▸ Task item
The output should be the line containing "- pill bottle (381,397,433,502)" and every later line of the records, exactly as written, and nothing else.

(Records from a data collection)

==================================================

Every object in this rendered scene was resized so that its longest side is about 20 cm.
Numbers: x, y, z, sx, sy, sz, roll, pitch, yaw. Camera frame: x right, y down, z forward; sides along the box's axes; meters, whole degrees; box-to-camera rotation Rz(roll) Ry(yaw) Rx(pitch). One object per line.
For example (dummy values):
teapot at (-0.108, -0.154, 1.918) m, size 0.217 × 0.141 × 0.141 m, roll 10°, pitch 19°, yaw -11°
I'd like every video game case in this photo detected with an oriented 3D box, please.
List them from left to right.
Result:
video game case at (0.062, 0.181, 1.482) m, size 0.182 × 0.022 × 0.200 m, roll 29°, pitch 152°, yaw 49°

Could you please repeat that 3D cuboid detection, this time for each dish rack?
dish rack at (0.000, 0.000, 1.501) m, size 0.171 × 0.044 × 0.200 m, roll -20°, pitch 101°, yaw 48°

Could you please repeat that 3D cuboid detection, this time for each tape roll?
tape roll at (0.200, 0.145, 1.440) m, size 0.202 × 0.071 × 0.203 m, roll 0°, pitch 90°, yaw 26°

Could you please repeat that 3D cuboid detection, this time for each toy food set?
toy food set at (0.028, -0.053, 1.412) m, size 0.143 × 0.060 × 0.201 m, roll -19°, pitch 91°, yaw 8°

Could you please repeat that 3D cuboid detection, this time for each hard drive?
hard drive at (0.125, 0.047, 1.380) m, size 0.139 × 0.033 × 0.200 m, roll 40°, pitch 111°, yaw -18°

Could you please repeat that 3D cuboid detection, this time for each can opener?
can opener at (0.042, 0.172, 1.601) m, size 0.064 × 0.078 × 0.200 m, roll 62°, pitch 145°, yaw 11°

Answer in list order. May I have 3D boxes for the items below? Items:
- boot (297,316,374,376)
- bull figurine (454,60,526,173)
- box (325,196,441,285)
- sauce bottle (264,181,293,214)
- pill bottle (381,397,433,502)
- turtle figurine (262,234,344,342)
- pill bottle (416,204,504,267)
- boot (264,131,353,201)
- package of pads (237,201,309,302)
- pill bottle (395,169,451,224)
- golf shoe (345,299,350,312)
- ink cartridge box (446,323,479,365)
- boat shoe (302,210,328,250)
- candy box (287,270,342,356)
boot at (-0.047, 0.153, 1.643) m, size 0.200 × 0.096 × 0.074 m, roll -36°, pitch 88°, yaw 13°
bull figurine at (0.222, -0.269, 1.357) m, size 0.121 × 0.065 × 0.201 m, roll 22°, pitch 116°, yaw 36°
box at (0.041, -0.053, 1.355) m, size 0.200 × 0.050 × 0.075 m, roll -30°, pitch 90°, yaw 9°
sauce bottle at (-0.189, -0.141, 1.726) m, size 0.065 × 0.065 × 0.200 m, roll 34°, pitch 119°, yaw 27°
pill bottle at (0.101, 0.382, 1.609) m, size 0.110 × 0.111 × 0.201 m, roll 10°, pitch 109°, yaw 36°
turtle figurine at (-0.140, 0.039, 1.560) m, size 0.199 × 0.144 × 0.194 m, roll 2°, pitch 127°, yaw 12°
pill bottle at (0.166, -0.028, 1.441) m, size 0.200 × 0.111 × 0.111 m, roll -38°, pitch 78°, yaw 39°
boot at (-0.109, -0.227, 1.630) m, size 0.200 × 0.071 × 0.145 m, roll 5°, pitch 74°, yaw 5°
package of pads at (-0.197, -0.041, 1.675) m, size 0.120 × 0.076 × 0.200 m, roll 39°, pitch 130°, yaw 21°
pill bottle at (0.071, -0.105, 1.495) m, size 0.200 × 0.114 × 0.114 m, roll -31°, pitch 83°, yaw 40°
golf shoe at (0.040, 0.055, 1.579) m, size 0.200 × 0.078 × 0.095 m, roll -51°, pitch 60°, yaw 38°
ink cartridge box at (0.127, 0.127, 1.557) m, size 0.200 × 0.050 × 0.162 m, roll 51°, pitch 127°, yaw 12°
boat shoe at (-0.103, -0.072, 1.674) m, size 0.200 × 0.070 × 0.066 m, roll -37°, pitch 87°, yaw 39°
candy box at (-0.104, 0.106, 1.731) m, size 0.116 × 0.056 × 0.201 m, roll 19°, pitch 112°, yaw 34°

==================================================

▸ Solution below
- pill bottle (381,397,433,502)
- turtle figurine (262,234,344,342)
- pill bottle (416,204,504,267)
- boot (264,131,353,201)
- package of pads (237,201,309,302)
- pill bottle (395,169,451,224)
- golf shoe (345,299,350,312)
- ink cartridge box (446,323,479,365)
- boat shoe (302,210,328,250)
- candy box (287,270,342,356)
boot at (-0.047, 0.153, 1.643) m, size 0.200 × 0.096 × 0.074 m, roll -36°, pitch 88°, yaw 13°
bull figurine at (0.222, -0.269, 1.357) m, size 0.121 × 0.065 × 0.201 m, roll 22°, pitch 116°, yaw 36°
box at (0.041, -0.053, 1.355) m, size 0.200 × 0.050 × 0.075 m, roll -30°, pitch 90°, yaw 9°
sauce bottle at (-0.189, -0.141, 1.726) m, size 0.065 × 0.065 × 0.200 m, roll 34°, pitch 119°, yaw 27°
pill bottle at (0.101, 0.382, 1.609) m, size 0.110 × 0.111 × 0.201 m, roll 10°, pitch 109°, yaw 36°
turtle figurine at (-0.140, 0.039, 1.560) m, size 0.199 × 0.144 × 0.194 m, roll 2°, pitch 127°, yaw 12°
pill bottle at (0.166, -0.028, 1.441) m, size 0.200 × 0.111 × 0.111 m, roll -38°, pitch 78°, yaw 39°
boot at (-0.109, -0.227, 1.630) m, size 0.200 × 0.071 × 0.145 m, roll 5°, pitch 74°, yaw 5°
package of pads at (-0.197, -0.041, 1.675) m, size 0.120 × 0.076 × 0.200 m, roll 39°, pitch 130°, yaw 21°
pill bottle at (0.071, -0.105, 1.495) m, size 0.200 × 0.114 × 0.114 m, roll -31°, pitch 83°, yaw 40°
golf shoe at (0.040, 0.055, 1.579) m, size 0.200 × 0.078 × 0.095 m, roll -51°, pitch 60°, yaw 38°
ink cartridge box at (0.127, 0.127, 1.557) m, size 0.200 × 0.050 × 0.162 m, roll 51°, pitch 127°, yaw 12°
boat shoe at (-0.103, -0.072, 1.674) m, size 0.200 × 0.070 × 0.066 m, roll -37°, pitch 87°, yaw 39°
candy box at (-0.104, 0.106, 1.731) m, size 0.116 × 0.056 × 0.201 m, roll 19°, pitch 112°, yaw 34°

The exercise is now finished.